Editorial Comment: Online child protection is responsible parenting

THE internet has brought huge benefits to most people in the world since near universal access became possible at the beginning or early years of the present century, but there are dangers, and sometimes extreme dangers, especially with many social media platforms.

Zimbabwe is now considering how to set up and implement a ban on a large swathe of social media for those under 18, a process that has also started in quite a few countries.

Australia set the pace at the end of last year by forcing the owners of a significant set of social media platforms to verify ages and block those under 16 from accessing or using their platforms.

The Zimbabwean policy is still being worked out, and considering our small size and footprint, might be difficult to implement effectively without some sort of related regional effort to build up a large block of African muscle to take on the platform owners.

But someone must take the lead, and we can lead by example.

When social media platforms first appeared, they were relatively innocent and good fun and catered for some real needs. Humans being humans also meant that some rather unpleasant people, and sometimes the downright evil, signed up.

In these years many of these common platform owners were prepared to monitor what was moving around and to take complaints over content seriously.

That offered a degree of protection for children using these platforms, as well as stopping the broadcast of some of the worst content.

That has largely ceased. Most of these platforms are owned by American corporations who pay lip service to rights of free speech, although every country has some limits such as banning child pornography at one extreme limit.

The American authorities have in the last year or so expressed dislike for the older monitoring processes and the platform owners have enthusiastically slashed monitoring staff thus opening up their platforms, making past abuses far more common and much worse.

So the urgency for some action is becoming more obvious; it is likely that the social media platforms most guilty of allowing child-danger content will become worse.

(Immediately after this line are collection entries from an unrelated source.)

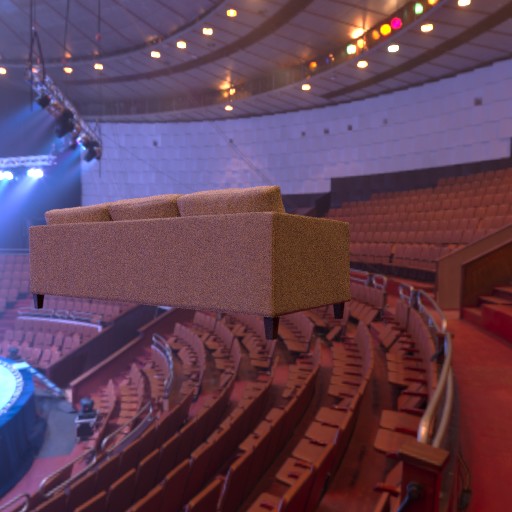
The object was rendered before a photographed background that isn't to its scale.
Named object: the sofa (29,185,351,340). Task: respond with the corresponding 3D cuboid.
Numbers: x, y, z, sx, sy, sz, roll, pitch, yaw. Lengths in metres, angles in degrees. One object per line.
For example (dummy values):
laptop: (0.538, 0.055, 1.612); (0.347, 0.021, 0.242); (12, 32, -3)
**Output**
sofa: (0.000, 0.000, 4.299); (2.432, 0.863, 3.182); (0, 1, 34)
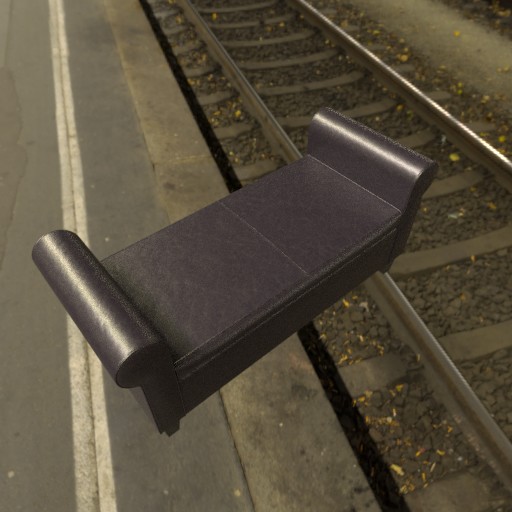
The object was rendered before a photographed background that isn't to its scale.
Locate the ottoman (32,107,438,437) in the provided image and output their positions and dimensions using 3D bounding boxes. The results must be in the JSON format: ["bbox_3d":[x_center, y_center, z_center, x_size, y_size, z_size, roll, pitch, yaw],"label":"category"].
[{"bbox_3d":[0.000,0.000,1.567,1.256,0.547,0.521,-31,54,-26],"label":"ottoman"}]

At the same time our policy must continue to allow relatively easy messaging, although children can be excluded from dangerous openings such as group chats not run by their school or church.

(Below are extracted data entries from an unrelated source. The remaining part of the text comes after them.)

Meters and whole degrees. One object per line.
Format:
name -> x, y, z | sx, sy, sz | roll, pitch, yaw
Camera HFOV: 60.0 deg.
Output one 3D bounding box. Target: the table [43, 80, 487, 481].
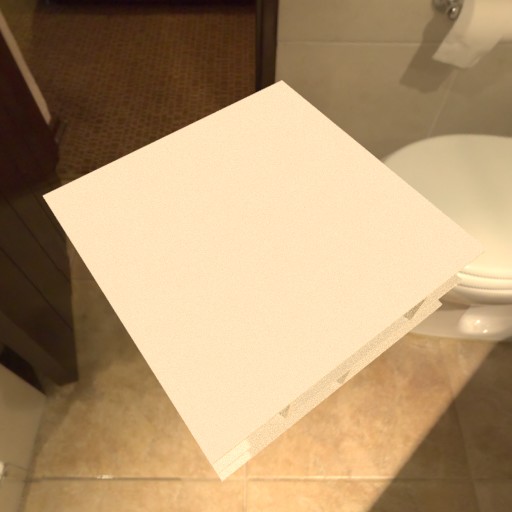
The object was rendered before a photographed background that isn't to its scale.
table -> 0.000, 0.000, 1.100 | 0.700, 0.289, 0.700 | -32, 63, -18
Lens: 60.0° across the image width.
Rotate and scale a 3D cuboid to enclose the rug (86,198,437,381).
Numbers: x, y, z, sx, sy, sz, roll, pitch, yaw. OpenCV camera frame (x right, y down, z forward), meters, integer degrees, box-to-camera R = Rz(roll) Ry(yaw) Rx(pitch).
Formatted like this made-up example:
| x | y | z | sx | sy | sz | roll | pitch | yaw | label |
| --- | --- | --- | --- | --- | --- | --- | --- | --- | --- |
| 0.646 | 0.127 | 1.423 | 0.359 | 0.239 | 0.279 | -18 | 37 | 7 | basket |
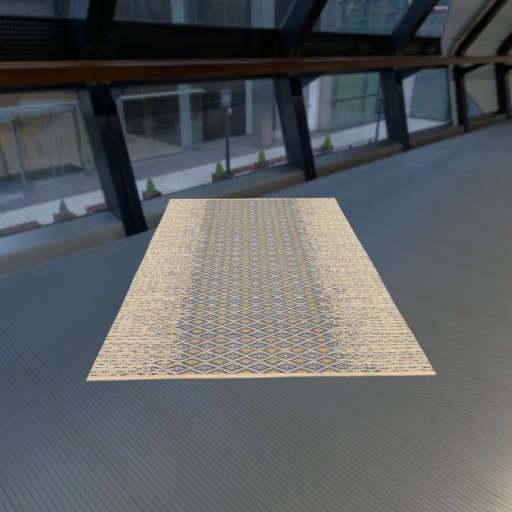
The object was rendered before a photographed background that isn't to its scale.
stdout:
| x | y | z | sx | sy | sz | roll | pitch | yaw | label |
| --- | --- | --- | --- | --- | --- | --- | --- | --- | --- |
| 0.000 | 0.000 | 3.045 | 1.541 | 0.008 | 2.448 | -1 | 26 | -1 | rug |

That policy must also continue to allow children to access educational and similar very worthwhile content while they become older and wiser and are able to start assessing social media platforms more maturely.

So a policy is not that simple. A lot of countries have been looking at the experience of Australia, the pioneer of getting platforms to bar children despite the extreme objections of disagreement by platform owners.

So far around 10 very common platforms have been forced to comply, and anyone trying to get around the policy with a new platform might as well face the same sanctions.

As new dangers arise the list will grow.

The second success throws the onus on the platform owners; children are not criminalised if they manage to stay on. But platform owners can face fines of up to A$49,5 million, around US$32 million, and that was a large enough penalty to make them take notice and build up processes that could exclude children.

Generally they like to see a Government ID, and since Zimbabwe wants everyone aged 16 and over to have such an ID, this offers a way forward. Appeal to good natures are not enough, there must be muscle.

A more creative response has started to come forward from some platform providers with separate child-friendly platforms, and that positive development is likely to be built up as more countries, start forcing the platform owners to keep children off their general social media sites.

Such platforms must be encouraged, offering that safe space where children can develop their social media skills with little danger, a bit like the school and church group dances that many parents allow their teenage children to attend so that when they are adults they are not just dropped in the deep end.

Protecting children with age limits is not new. After the initial free-for-all in the film industry when it started up, a fairly tight censorship regime became common world-wide.

As this disintegrated a few decades later, there was some turmoil before the obvious solution of tight rating and age limits became the norm.

We keep children out of bars and nightclubs; we do not allow them to buy liquor; we have age limits on when they can buy cigarettes. This protects them.

The Ministry of Information Communication Technology, Postal and Courier Services will obviously consult widely as it builds up a child protection policy.

It will also find that even parents will have a wide range of views, sometimes because they themselves do not live on the worst social media platforms, but a rational policy can be worked out and backed by muscle.